Understanding Degradation with Vision Language Model
AI 摘要
提出DU-VLM模型,用于理解图像退化并用于图像复原,通过分层结构预测任务和多模态链式思考实现。
主要贡献
- 重新定义图像退化理解为分层结构预测任务
- 提出DU-VLM模型,基于autoregressive next-token prediction范式
- 构建大规模数据集DU-110k,包含带有物理标注的清洁-退化图像对
方法论
使用监督微调和强化学习训练多模态链式思考模型DU-VLM,用于预测退化类型、参数键和物理值,并将其应用于图像复原。
原文摘要
Understanding visual degradations is a critical yet challenging problem in computer vision.

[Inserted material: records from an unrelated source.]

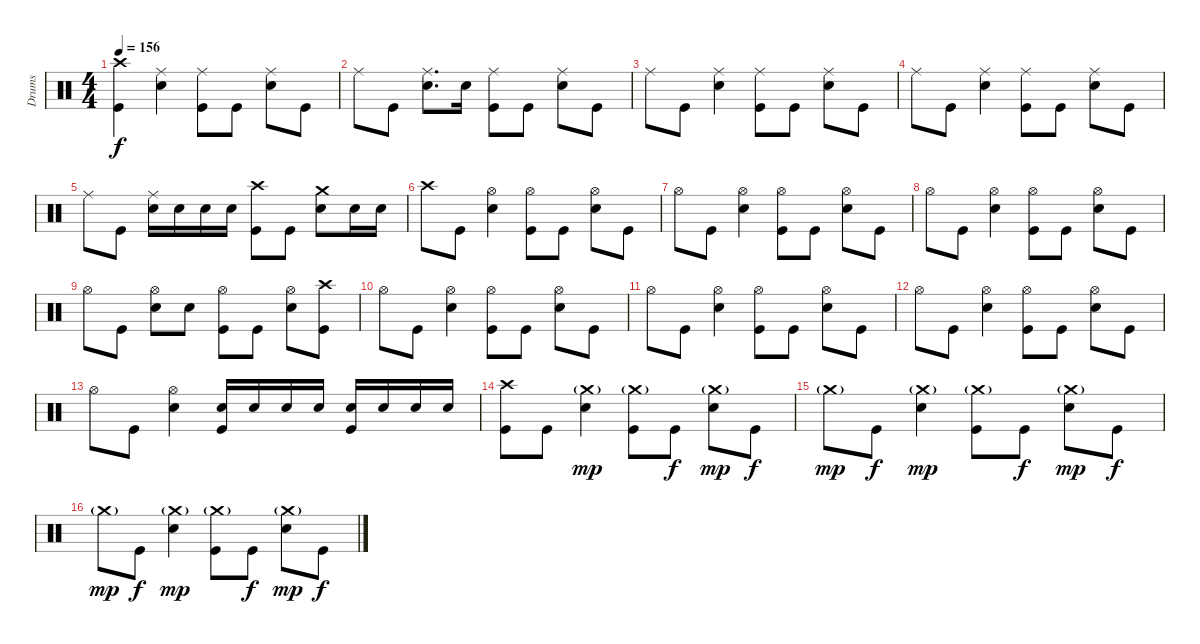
\track ("Drums" "Drums") {instrument percussion}
\staff {score}
\articulation defaults
\ts (4 4)
\tempo 156
\clef neutral
\ks c
("Crash high (hit)" "Kick (hit)").4{dy f} ("Ride (middle)" "Snare (hit) 2").4 ("Ride (middle)" "Kick (hit)").8 "Kick (hit)".8 ("Ride (middle)" "Snare (hit) 2").8 "Kick (hit)".8 |
"Ride (middle)".8 "Kick (hit)".8 ("Ride (middle)" "Snare (hit) 2").8{d} "Snare (hit) 2".16 ("Ride (middle)" "Kick (hit)").8 "Kick (hit)".8 ("Ride (middle)" "Snare (hit) 2").8 "Kick (hit)".8 |
"Ride (middle)".8 "Kick (hit)".8 ("Ride (middle)" "Snare (hit) 2").4 ("Ride (middle)" "Kick (hit)").8 "Kick (hit)".8 ("Ride (middle)" "Snare (hit) 2").8 "Kick (hit)".8 |
"Ride (middle)".8 "Kick (hit)".8 ("Ride (middle)" "Snare (hit) 2").4 ("Ride (middle)" "Kick (hit)").8 "Kick (hit)".8 ("Ride (middle)" "Snare (hit) 2").8 "Kick (hit)".8 |
"Ride (middle)".8 "Kick (hit)".8 ("Ride (middle)" "Snare (hit) 2").16 "Snare (hit) 2".16 "Snare (hit) 2".16 "Snare (hit) 2".16 ("Crash high (hit)" "Kick (hit)").8 "Kick (hit)".8 ("Crash medium (hit)" "Snare (hit) 2").8 "Snare (hit) 2".16 "Snare (hit) 2".16 |
"Crash high (hit)".8 "Kick (hit)".8 ("Hi-Hat (open)" "Snare (hit) 2").4 ("Hi-Hat (open)" "Kick (hit)").8 "Kick (hit)".8 ("Hi-Hat (open)" "Snare (hit) 2").8 "Kick (hit)".8 |
"Hi-Hat (open)".8 "Kick (hit)".8 ("Hi-Hat (open)" "Snare (hit) 2").4 ("Hi-Hat (open)" "Kick (hit)").8 "Kick (hit)".8 ("Hi-Hat (open)" "Snare (hit) 2").8 "Kick (hit)".8 |
"Hi-Hat (open)".8 "Kick (hit)".8 ("Hi-Hat (open)" "Snare (hit) 2").4 ("Hi-Hat (open)" "Kick (hit)").8 "Kick (hit)".8 ("Hi-Hat (open)" "Snare (hit) 2").8 "Kick (hit)".8 |
"Hi-Hat (open)".8 "Kick (hit)".8 ("Hi-Hat (open)" "Snare (hit) 2").8 "Snare (hit) 2".8 ("Hi-Hat (open)" "Kick (hit)").8 "Kick (hit)".8 ("Hi-Hat (open)" "Snare (hit) 2").8 ("Crash high (hit)" "Kick (hit)").8 |
"Hi-Hat (open)".8 "Kick (hit)".8 ("Hi-Hat (open)" "Snare (hit) 2").4 ("Hi-Hat (open)" "Kick (hit)").8 "Kick (hit)".8 ("Hi-Hat (open)" "Snare (hit) 2").8 "Kick (hit)".8 |
"Hi-Hat (open)".8 "Kick (hit)".8 ("Hi-Hat (open)" "Snare (hit) 2").4 ("Hi-Hat (open)" "Kick (hit)").8 "Kick (hit)".8 ("Hi-Hat (open)" "Snare (hit) 2").8 "Kick (hit)".8 |
"Hi-Hat (open)".8 "Kick (hit)".8 ("Hi-Hat (open)" "Snare (hit) 2").4 ("Hi-Hat (open)" "Kick (hit)").8 "Kick (hit)".8 ("Hi-Hat (open)" "Snare (hit) 2").8 "Kick (hit)".8 |
"Hi-Hat (open)".8 "Kick (hit)".8 ("Hi-Hat (open)" "Snare (hit) 2").4 ("Snare (hit) 2" "Kick (hit)").16 "Snare (hit) 2".16 "Snare (hit) 2".16 "Snare (hit) 2".16 ("Snare (hit) 2" "Kick (hit)").16 "Snare (hit) 2".16 "Snare (hit) 2".16 "Snare (hit) 2".16 |
("Crash high (hit)" "Kick (hit)").8 "Kick (hit)".8 ("Crash medium (hit)"{g} "Snare (hit) 2").4{dy mp} ("Crash medium (hit)"{g} "Kick (hit)").8 "Kick (hit)".8{dy f} ("Crash medium (hit)"{g} "Snare (hit) 2").8{dy mp} "Kick (hit)".8{dy f} |
"Crash medium (hit)"{g}.8{dy mp} "Kick (hit)".8{dy f} ("Crash medium (hit)"{g} "Snare (hit) 2").4{dy mp} ("Crash medium (hit)"{g} "Kick (hit)").8 "Kick (hit)".8{dy f} ("Crash medium (hit)"{g} "Snare (hit) 2").8{dy mp} "Kick (hit)".8{dy f} |
"Crash medium (hit)"{g}.8{dy mp} "Kick (hit)".8{dy f} ("Crash medium (hit)"{g} "Snare (hit) 2").4{dy mp} ("Crash medium (hit)"{g} "Kick (hit)").8 "Kick (hit)".8{dy f} ("Crash medium (hit)"{g} "Snare (hit) 2").8{dy mp} "Kick (hit)".8{dy f}

While recent Vision-Language Models (VLMs) excel at qualitative description, they often fall short in understanding the parametric physics underlying image degradations. In this work, we redefine degradation understanding as a hierarchical structured prediction task, necessitating the concurrent estimation of degradation types, parameter keys, and their continuous physical values. Although these sub-tasks operate in disparate spaces, we prove that they can be unified under one autoregressive next-token prediction paradigm, whose error is bounded by the value-space quantization grid. Building on this insight, we introduce DU-VLM, a multimodal chain-of-thought model trained with supervised fine-tuning and reinforcement learning using structured rewards. Furthermore, we show that DU-VLM can serve as a zero-shot controller for pre-trained diffusion models, enabling high-fidelity image restoration without fine-tuning the generative backbone. We also introduce \textbf{DU-110k}, a large-scale dataset comprising 110,000 clean-degraded pairs with grounded physical annotations. Extensive experiments demonstrate that our approach significantly outperforms generalist baselines in both accuracy and robustness, exhibiting generalization to unseen distributions.